Digital de esquerda


Novos modelos são necessários para regular ética e juridicamente a evolução dos modelos económicos e empresariais.


Com o papel transformador que a revolução digital está a assumir nas nossas sociedades, os modelos de transição e de adoção das novas ferramentas implicam cada vez mais escolhas políticas e opções fortes. Um dos epítetos mais populares para designar aqueles que se dedicam a elaborar sobre a transformação progressista da sociedade usando as ferramentas indutoras da mudança económica, social e cultural é o de “intelectual de esquerda”. Hoje, quem quiser desempenhar essa função de reflexão e pensamento crítico tem de ter cada vez mais em conta o poder transformador da digitalização e da robotização. O novo intelectual de esquerda tem de ser também um “digital de esquerda”.

A revolução digital é tão imparável quanto formatável. Serão as escolhas políticas que determinarão não a intensidade, mas o propósito e a textura dos impactos tecnológicos na vida em sociedade. Escolhas políticas que exigirão conhecimento profundo das ferramentas e dos mecanismos da sociedade emergente e coragem para mudar práticas e ideias ultrapassadas e defender de forma dinâmica os valores primordiais da liberdade, da igualdade e da solidariedade.

São precisas visões lúcidas para abordar temas tão centrais como a organização do trabalho garantindo a portabilidade dos direitos por parte dos indivíduos ao longo da sua vida profissional ou como a definição dos modelos de educação e formação, em que a aprendizagem ao longo da vida terá um papel acrescido na garantia de acesso inclusivo aos bens e serviços tecnológicos, ao seu uso e controlo e à participação em plataformas abertas de informação e troca de conhecimento.
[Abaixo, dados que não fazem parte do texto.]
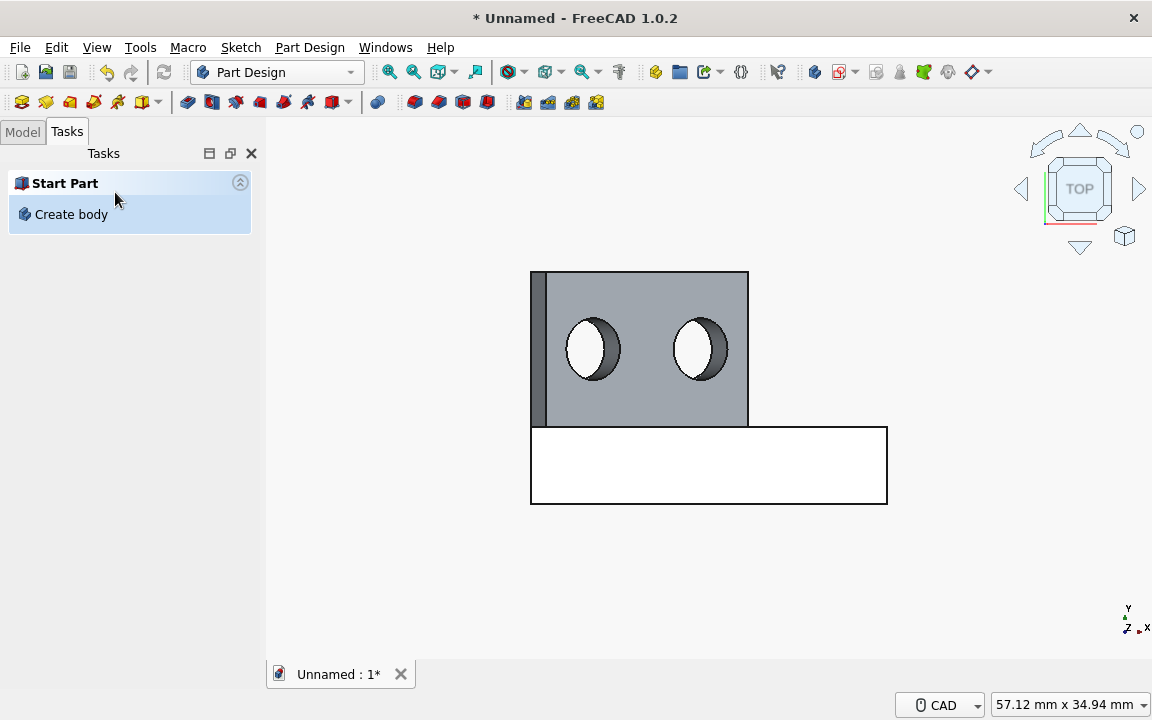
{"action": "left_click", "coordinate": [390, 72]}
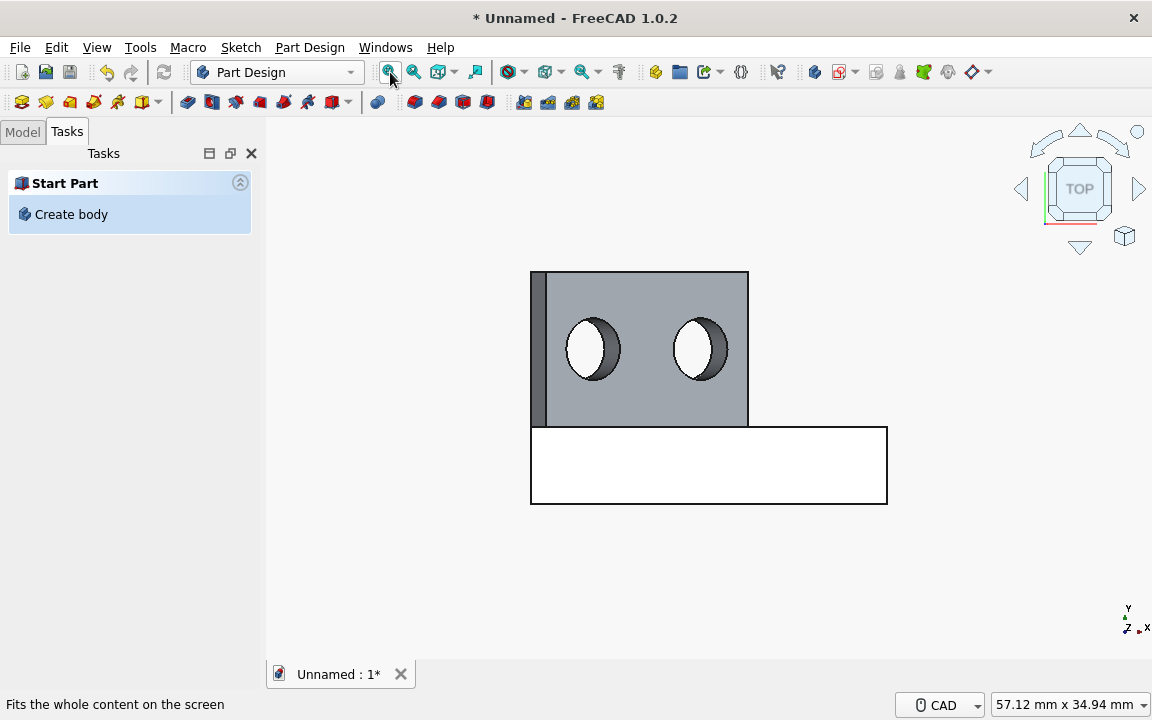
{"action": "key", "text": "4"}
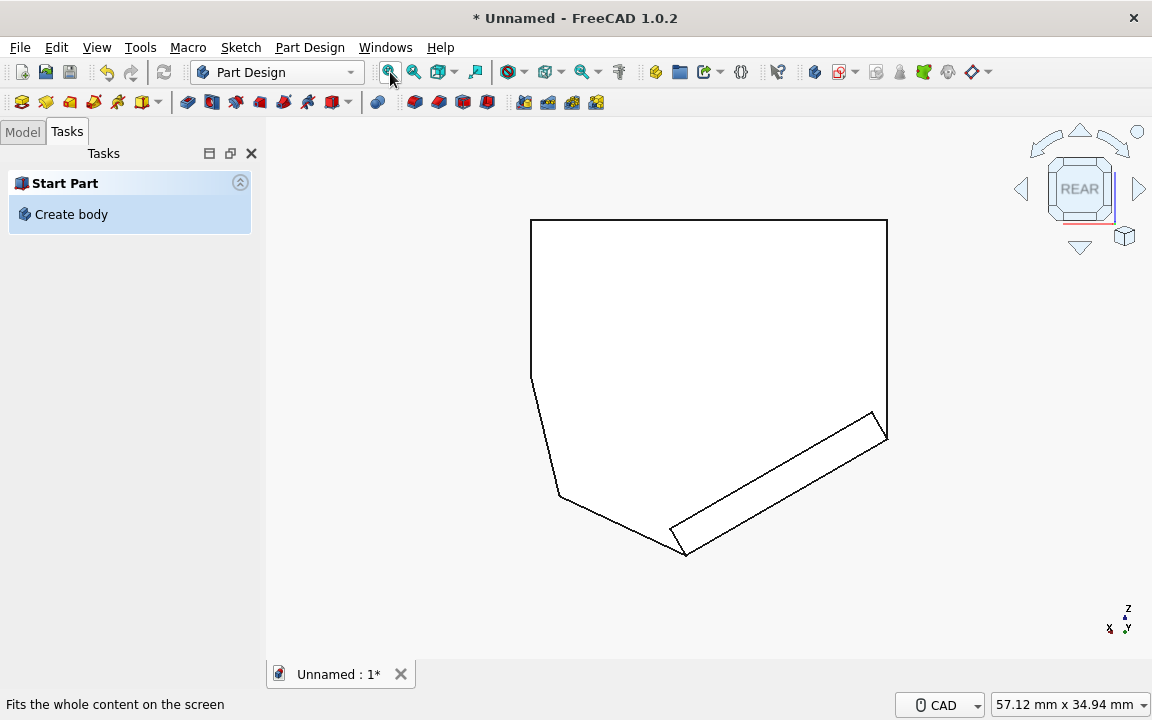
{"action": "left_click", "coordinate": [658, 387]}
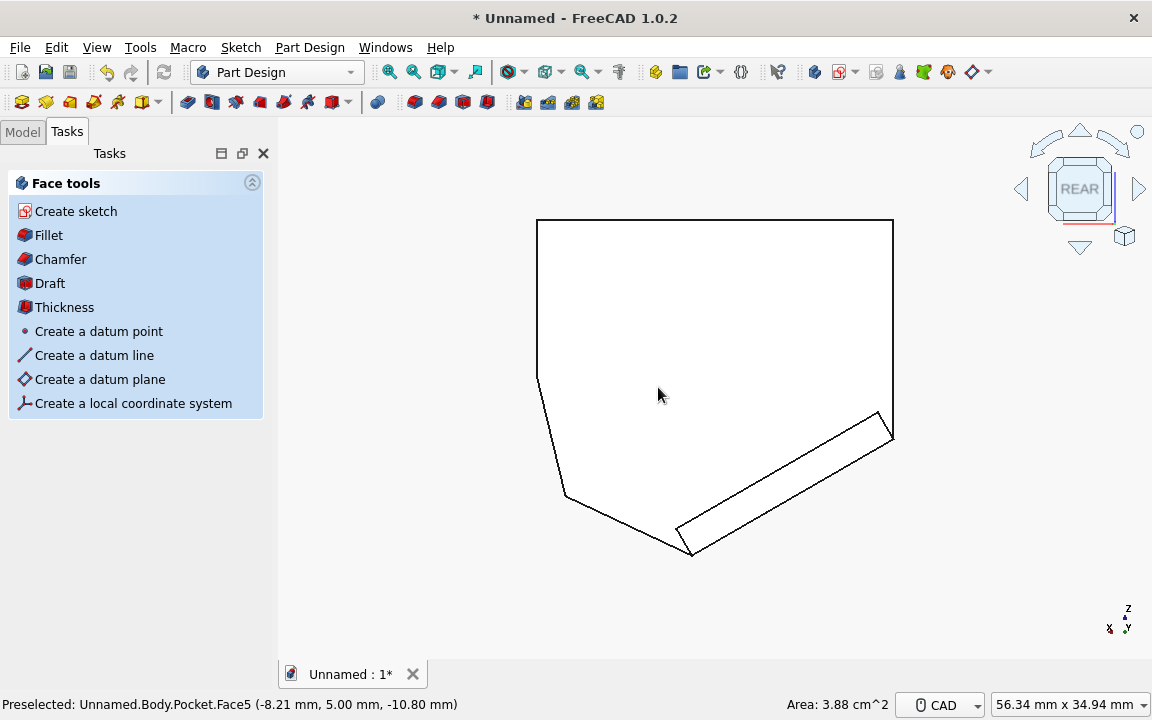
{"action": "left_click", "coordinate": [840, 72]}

Novos modelos são necessários para regular ética e juridicamente a evolução dos modelos económicos e empresariais, combatendo as posições dominantes tendencialmente monopolistas e assegurando contribuições justas, em função da criação de valor, para o financiamento das funções soberanas do Estado, incluindo a sua dimensão social e a proteção contra os abusos no uso das tecnologias e dos dados.
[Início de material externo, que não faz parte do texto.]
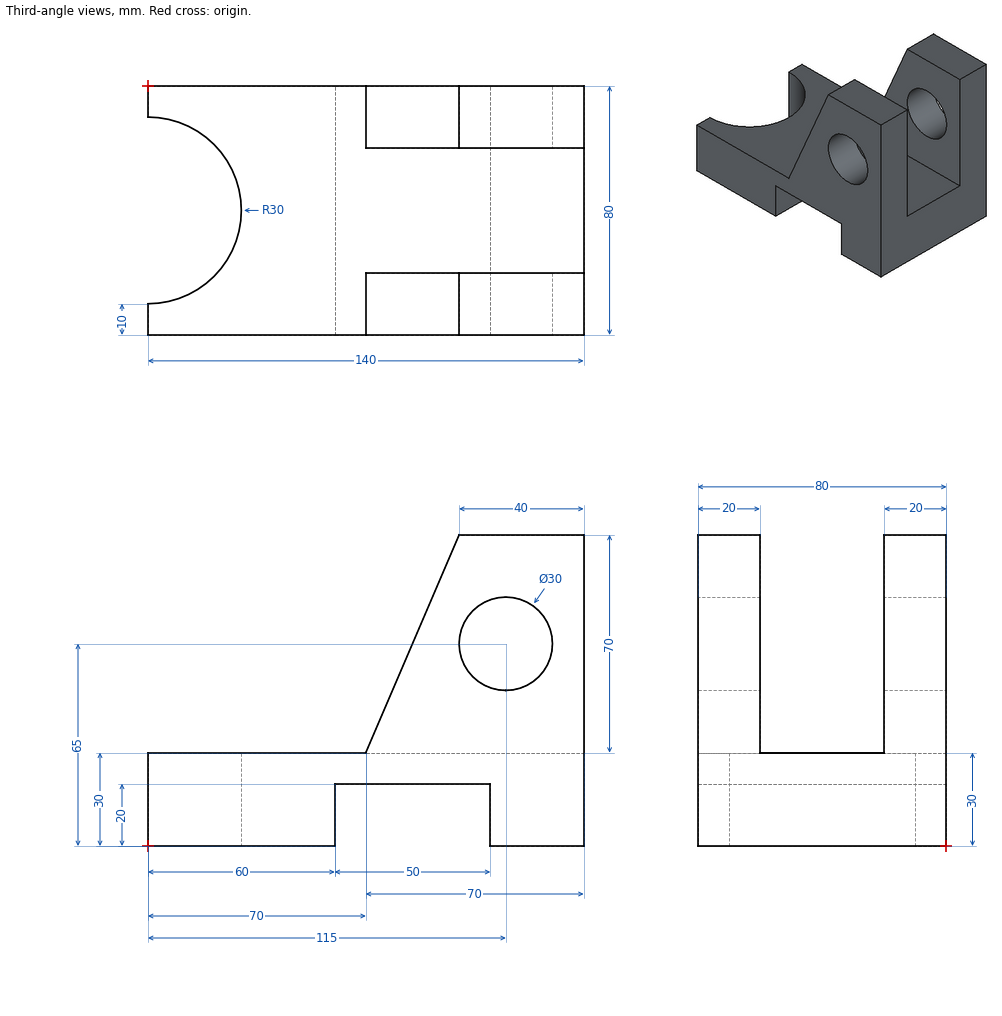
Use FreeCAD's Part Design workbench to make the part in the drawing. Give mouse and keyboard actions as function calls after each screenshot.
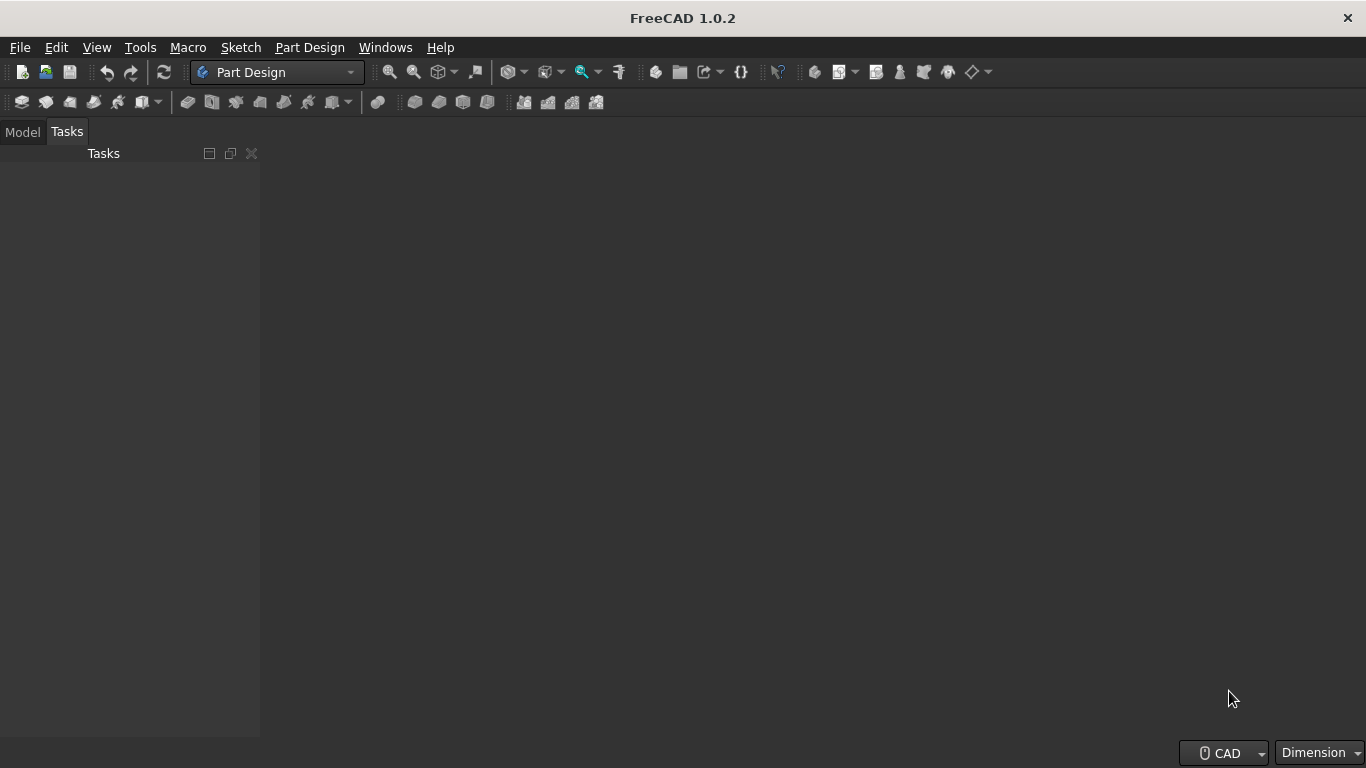
click(22, 72)
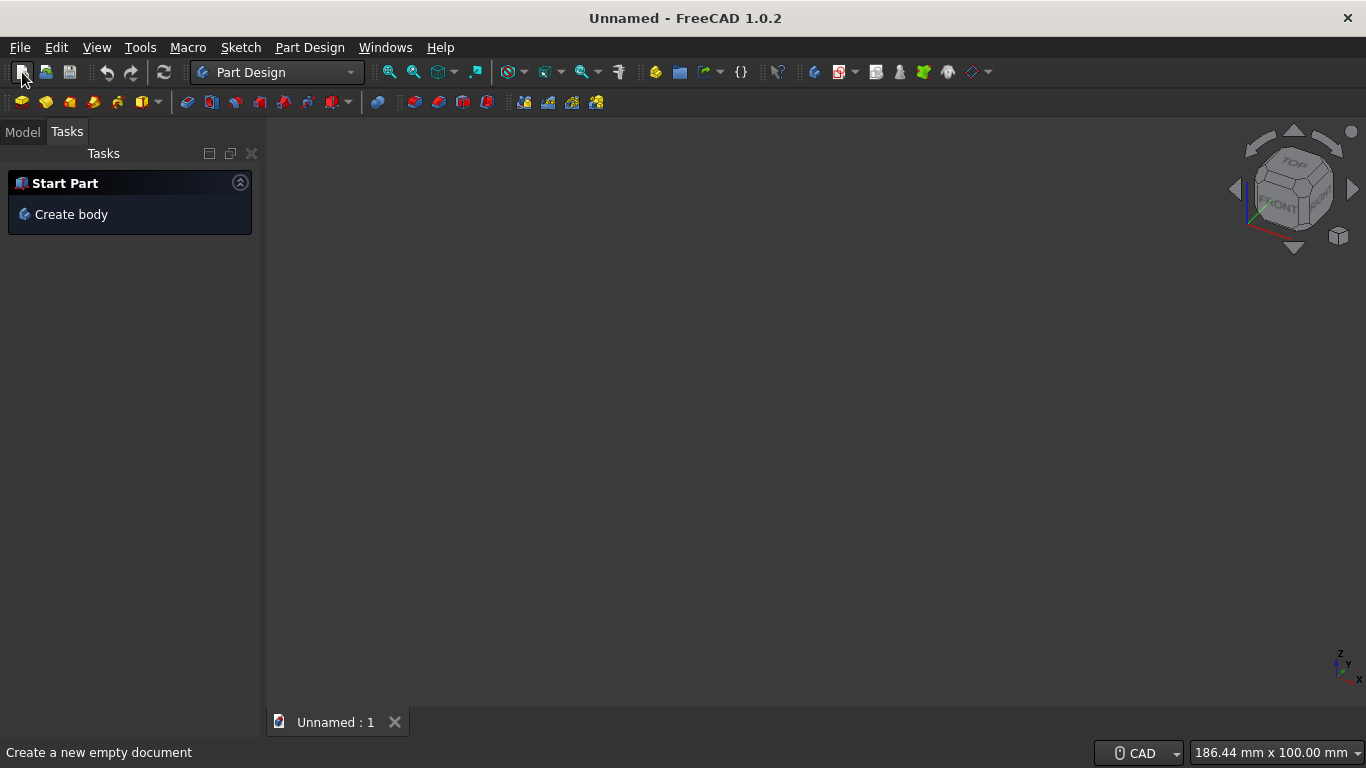
click(840, 72)

Outro domínio em que o empenho reflexivo e prático dos “digitais de esquerda” é fundamental é a capacitação da sociedade para combater a desinformação, proteger a democracia, assegurar um justo equilíbrio entre a privacidade individual e a promoção do bem comum, garantir a segurança nas redes e no seu uso e assegurar a transparência e robustez jurídica e técnica do comércio eletrónico e da oferta e procura eletrónica de bens e serviços.

Nunca foi fácil, pelo que observei e pelo que fui lendo, a vida dos ditos intelectuais de esquerda, de que também tenho uma costela, vendo as suas visões do mundo permanentemente desafiadas pela evolução da realidade e do contexto.
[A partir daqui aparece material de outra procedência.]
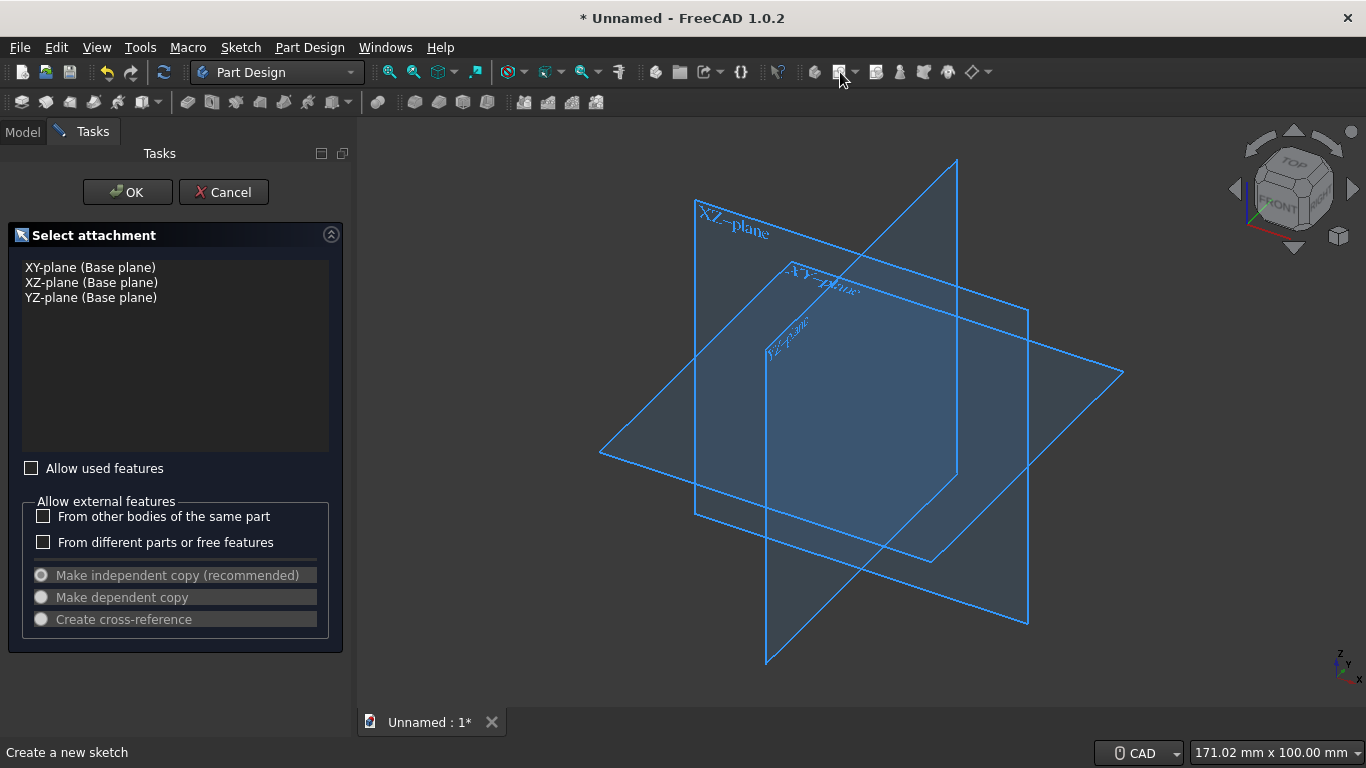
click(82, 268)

O mesmo destino espera os digitais de esquerda. Um destino desafiante porque é no seu território de transformação e progresso que tudo, no plano dos valores e das dinâmicas sociais, pode acontecer com êxito ou falhar.

A acomodação e o entrincheiramento não constituem solução para responder aos anseios dos cidadãos e aos riscos de captura populista ou tecnocrática da revolução digital. Já o compromisso ativo com a mudança, defendendo os valores éticos e políticos duma sociedade progressista e digna, pode fazer toda a diferença.